At the lambda call site, the argument is known at compile time, and the lambda should be instantiated with auto equal to std::array<int,3>, where 3 is a compile time value, and so should be output of array.size().

What is wrong in my reasoning?

Answer 1

I was watching the 2014 Metaprogramming with Boost.Hana: Unifying Boost.Fusion and Boost.MPL presentation, where Louise Dionne touches this topic and explains what @super was telling me in the comments, but I was not understanding it.

This is my rewording of that concept: there's no such a thing as a constexpr function parameter, therefore whenever the lambda (actually its underlying operator()) is instantiated for a given type of array, that single instantiation is the one that should work both for constexpr and non-constexpr arguments of that type.

As Louis Dionne says in the linked presentation,

[…] you can't generate a constexpr inside a function if it depends on a parameter […] the return type of a function may only depend on the types of its arguments, not on their values […]

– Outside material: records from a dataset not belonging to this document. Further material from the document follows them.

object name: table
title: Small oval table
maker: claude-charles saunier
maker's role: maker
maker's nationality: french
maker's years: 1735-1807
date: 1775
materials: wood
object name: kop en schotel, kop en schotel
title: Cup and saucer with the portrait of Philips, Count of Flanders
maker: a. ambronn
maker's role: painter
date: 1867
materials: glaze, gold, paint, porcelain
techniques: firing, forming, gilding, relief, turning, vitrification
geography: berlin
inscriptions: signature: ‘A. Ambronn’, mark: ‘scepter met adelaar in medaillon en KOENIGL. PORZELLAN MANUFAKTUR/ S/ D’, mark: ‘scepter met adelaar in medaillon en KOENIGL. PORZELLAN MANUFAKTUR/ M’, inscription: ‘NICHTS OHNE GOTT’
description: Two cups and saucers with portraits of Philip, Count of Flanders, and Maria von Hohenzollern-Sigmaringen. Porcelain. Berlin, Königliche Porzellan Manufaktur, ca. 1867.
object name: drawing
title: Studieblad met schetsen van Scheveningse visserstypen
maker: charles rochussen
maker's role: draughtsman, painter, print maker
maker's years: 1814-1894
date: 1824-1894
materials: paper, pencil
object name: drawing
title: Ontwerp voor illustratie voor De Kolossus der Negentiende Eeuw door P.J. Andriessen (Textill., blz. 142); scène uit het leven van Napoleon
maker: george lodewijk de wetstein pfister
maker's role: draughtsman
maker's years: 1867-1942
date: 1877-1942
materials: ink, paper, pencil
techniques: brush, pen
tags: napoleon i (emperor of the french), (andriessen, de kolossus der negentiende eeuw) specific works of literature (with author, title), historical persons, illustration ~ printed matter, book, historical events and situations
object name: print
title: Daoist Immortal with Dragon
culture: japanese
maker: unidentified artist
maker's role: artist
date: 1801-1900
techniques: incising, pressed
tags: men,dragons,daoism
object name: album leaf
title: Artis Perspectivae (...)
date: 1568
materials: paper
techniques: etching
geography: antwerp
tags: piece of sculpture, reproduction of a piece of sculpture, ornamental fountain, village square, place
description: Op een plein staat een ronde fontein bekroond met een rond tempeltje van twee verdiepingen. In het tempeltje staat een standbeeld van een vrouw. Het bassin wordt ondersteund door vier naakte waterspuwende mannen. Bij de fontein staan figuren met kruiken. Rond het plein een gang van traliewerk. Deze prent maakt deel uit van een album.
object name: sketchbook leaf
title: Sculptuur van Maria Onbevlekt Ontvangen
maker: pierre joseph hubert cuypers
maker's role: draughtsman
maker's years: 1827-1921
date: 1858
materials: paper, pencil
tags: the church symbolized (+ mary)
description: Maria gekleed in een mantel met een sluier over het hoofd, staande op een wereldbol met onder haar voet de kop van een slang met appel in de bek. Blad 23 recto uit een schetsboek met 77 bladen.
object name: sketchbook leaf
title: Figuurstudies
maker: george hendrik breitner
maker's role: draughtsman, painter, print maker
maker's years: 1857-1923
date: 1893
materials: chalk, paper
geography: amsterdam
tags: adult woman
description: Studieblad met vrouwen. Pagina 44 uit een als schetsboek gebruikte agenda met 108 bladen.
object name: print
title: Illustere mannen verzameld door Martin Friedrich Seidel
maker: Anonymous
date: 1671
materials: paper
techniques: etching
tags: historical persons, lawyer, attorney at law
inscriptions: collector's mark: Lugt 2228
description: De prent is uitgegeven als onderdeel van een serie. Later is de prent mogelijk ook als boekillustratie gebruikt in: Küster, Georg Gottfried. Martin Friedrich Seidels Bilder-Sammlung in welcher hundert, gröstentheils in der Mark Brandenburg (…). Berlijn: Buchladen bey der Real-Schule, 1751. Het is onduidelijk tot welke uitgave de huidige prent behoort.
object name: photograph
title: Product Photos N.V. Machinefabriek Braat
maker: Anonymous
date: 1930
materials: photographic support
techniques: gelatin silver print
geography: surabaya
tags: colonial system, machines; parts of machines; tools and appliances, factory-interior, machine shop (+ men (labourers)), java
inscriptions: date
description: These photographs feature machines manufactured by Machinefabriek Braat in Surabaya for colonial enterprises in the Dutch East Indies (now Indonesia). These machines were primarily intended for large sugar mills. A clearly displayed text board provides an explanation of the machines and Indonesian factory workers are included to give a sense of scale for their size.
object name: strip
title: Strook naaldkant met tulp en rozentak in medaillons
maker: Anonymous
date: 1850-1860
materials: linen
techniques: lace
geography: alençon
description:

This gives a way around the issue. Use array's type without using array's value:

constexpr auto print_size = [](auto const& array){
    using array_type = decltype(array);
    constexpr auto size = array_type{}.size();
    std::cout << size << '\n';
};

which I think it's not different, in essence, from what @Jarod42 suggested in a comment:

You might use constexpr auto size = std::tuple_size<std::decay_t<decltype(array)>>::value

As an addition, I played around a bit more, because a last thing was bugging me: the size of std::array is not part of the value, but it's part of the type, so why can't I call size member function in contexprs? The reason is that std::array<T,N>::size() is sadly not static. If it was, one could call it as in the commented line below (the struct A is for comparison):

#include <array>
#include <iostream>
#include <type_traits>

template<std::size_t N>
struct A {
    static constexpr std::size_t size() noexcept { return N; }
};
constexpr auto print_size = [](auto const& array){
    constexpr auto size = std::decay_t<decltype(array)>::size();
    std::cout << size << '\n';
};

int main() {
    //print_size(std::array<int,3>{{1,2,3}});
    print_size(A<3>{});
}